5.8. Bioinformatics Analysis

Candidates for protein-ASA interactions were mined from the Biological General Repository for Interaction Datasets (BioGRID, https://thebiogrid.org/chemical/935/acetylsalicylic-acid.html; accessed date: 22 September 2021) using “acetylsalicylic acid” as the query.

We explored the Gene Expression Omnibus (GEO), looking for studies where ASA administration to human cell cultures resulted in differential gene expression. We selected the GSE58162 Series because the experimental conditions (72 h of treatment, 2.0 mM ASA) were similar to those employed in our tests. We used the interactive GEO2R tool (https://www.ncbi.nlm.nih.gov/geo/geo2r/; 1 May 2022), based on the geoquery (v2.60.0) and limma R (v 3.48.3) packages, to evaluate the effect of ASA on gene expression.

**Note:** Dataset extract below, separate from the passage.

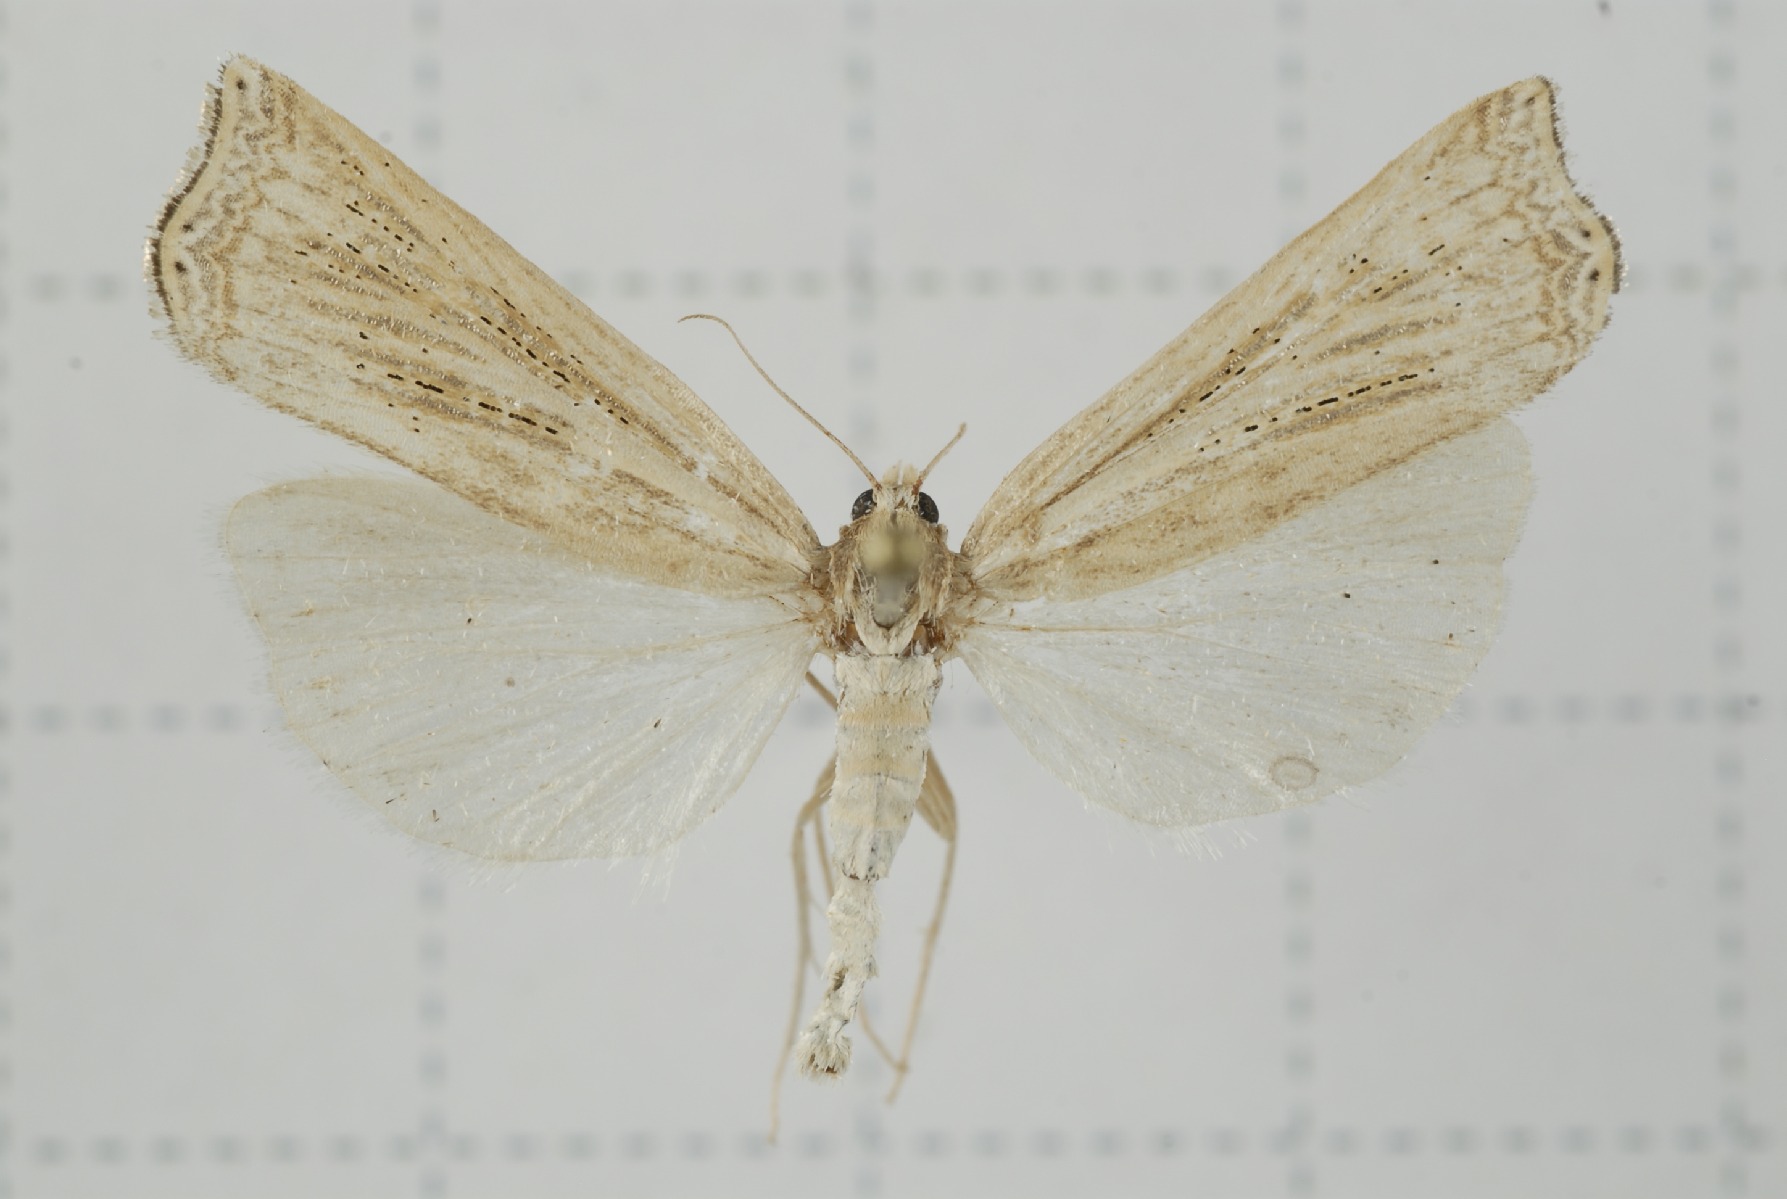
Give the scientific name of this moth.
Ancylolomia japonica
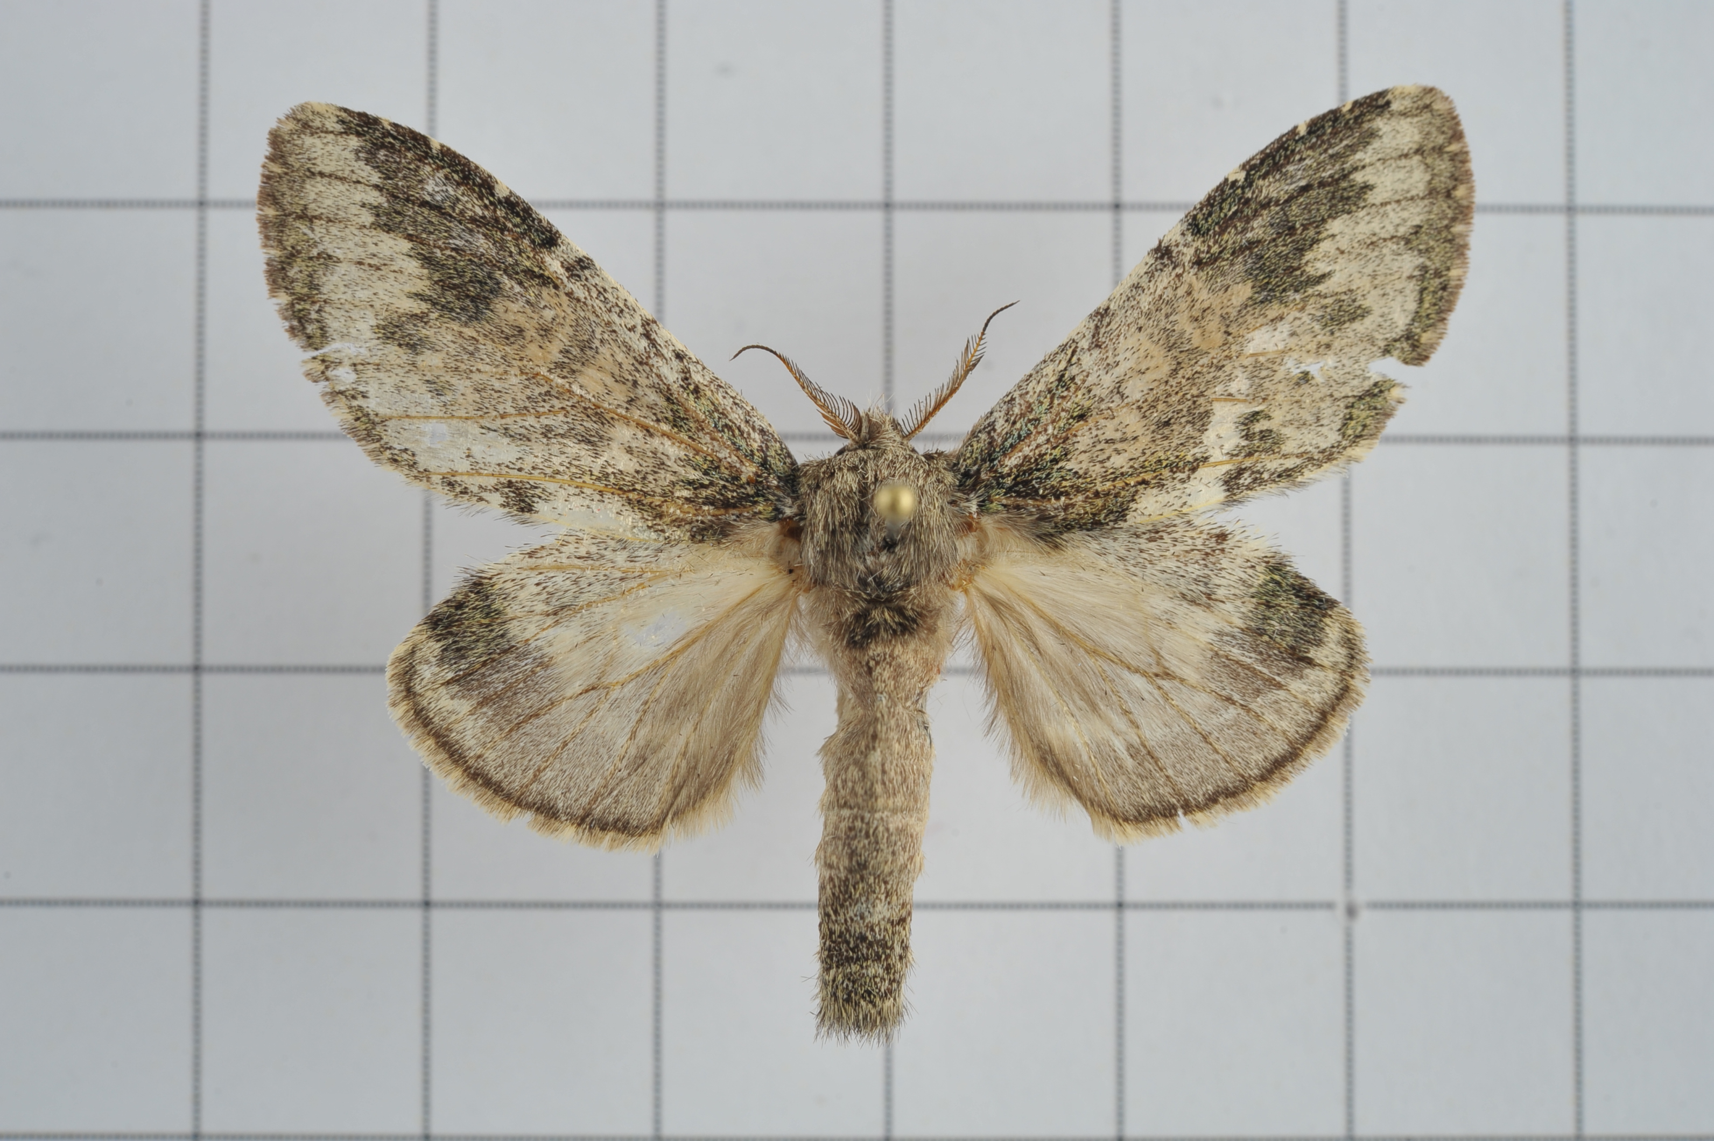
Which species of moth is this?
Syntypistis umbrosa

The data in GSE58162 Series derive from three samples, “Treated with 2.0 mM aspirin” and three controls, “Untreated with aspirin”. Visual inspection of the mean-variance trends convinced us to reject the constant variance approximation and use precision weights. The trends and precision weights were calculated and visualized with the vooma() function. The logarithm of Fold Change and its significance were calculated using the eBayes() function, and the significantly differentially expressed genes (DEG) were extracted with the topTable() function. The DEG list was then intersected with two gene sets: chaperones [89] and proteasomes [90]. A slightly edited and reduced version of the R script used by GEO2R for DEG list generation and subsetting is available as part of Supplementary File S5.

5.9. Miscellaneous

Protein concentration was determined using the Bradford method and BSA as the standard [91].

Immunoblots were performed as in [32], using 20 μg protein extracts.